Each platform/database will have different rules behind the free form searches but in general you will be using three main components in your free form search:
Fields are separate defined components of data entered as part of the whole document in a database. In other words, a field will be a subcategory of data within the main document. Examples of fields are: date of a case decision; title of a patent; owner of a trademark; etc.
For many databases allowing free form searching, the field will be defined before the search term. For example in the USPTO Full Text and Image Database a field is defined with a certain abbreviation. So if a searcher wants to search for a patent issued on a particular date the search would be: isd/(the date). The “isd/” defines the search will be performed in a particular field -- the date field. If the field is not defined then commonly the search will look for the search term anywhere in the document.

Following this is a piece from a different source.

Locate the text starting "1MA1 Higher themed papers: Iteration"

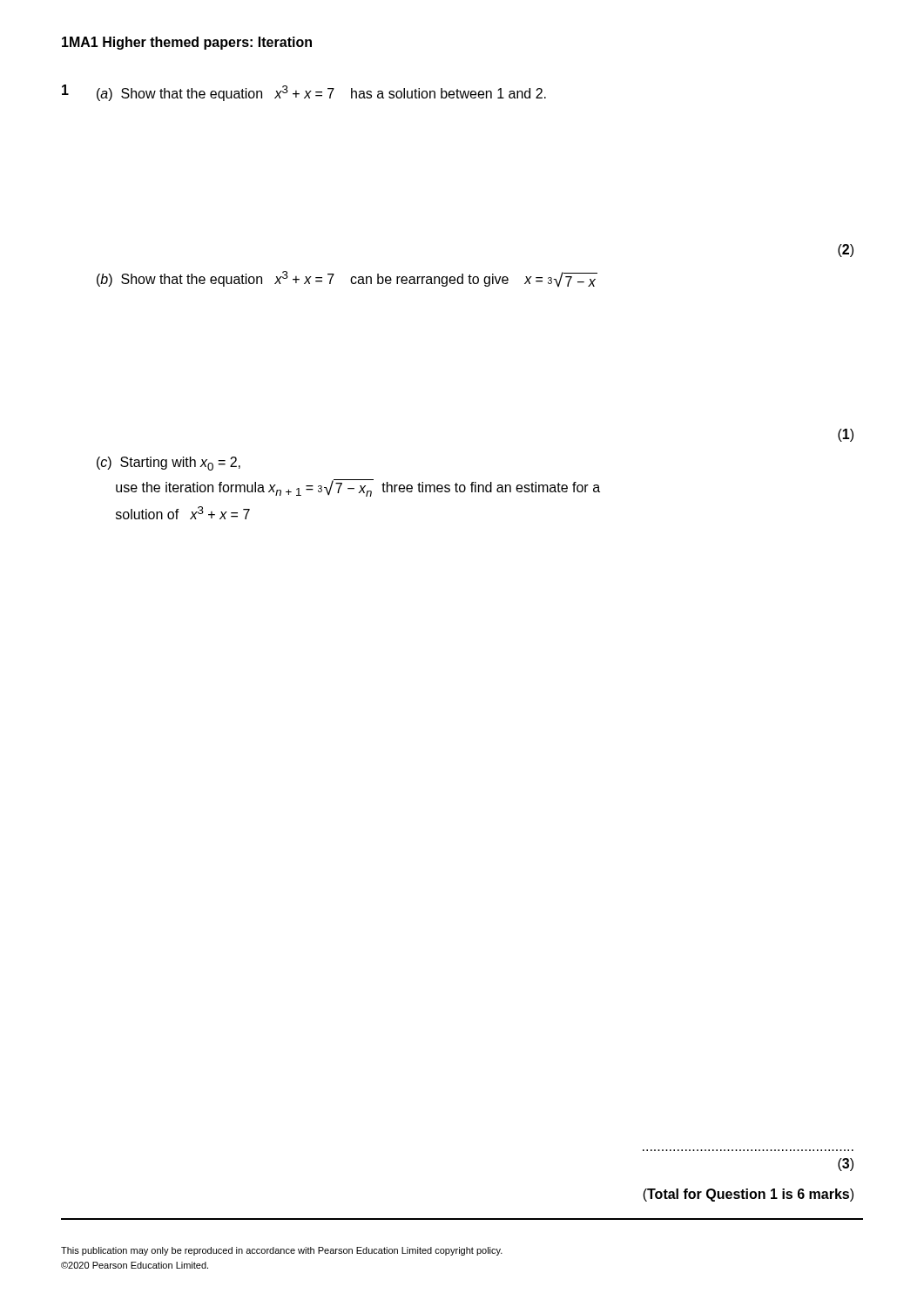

For case law legal research platforms, usually a free form search does not require an indication of the field. The search terms will be included in the main search box and those search terms will be searched in the whole document. There can be separate search terms based on other fields but those will be entered separately on the interface - usually on a side column or a button near the search button (Example: entering the date range of the decision; or the court making the decision).
A search term can be: (A) a single search term; (B) an exact phrase; or (C) a parenthetical.
There are three types of operators: (1) Boolean operators (also called logical operators); (2) proximity operators; and (3) truncation operators.
1) Use of a Boolean operator is a way to combine two search terms. The main Boolean operators are: (A) AND, (B) OR, and (C) NOT.
2) Use of a proximity operator is a way to find a result where the two search terms are a certain distance from each other. Proximity operators can: (A) define proximity between two search terms where the order doesn’t matter; (B) define proximity between two search terms where the order does mater; or (C) define proximity within a certain part of the document.
3) Use of a truncation operator is a way to manipulate a single search term to return multiple results. A truncation operator can be a: (A) end truncation operator; or (B) middle truncation operator.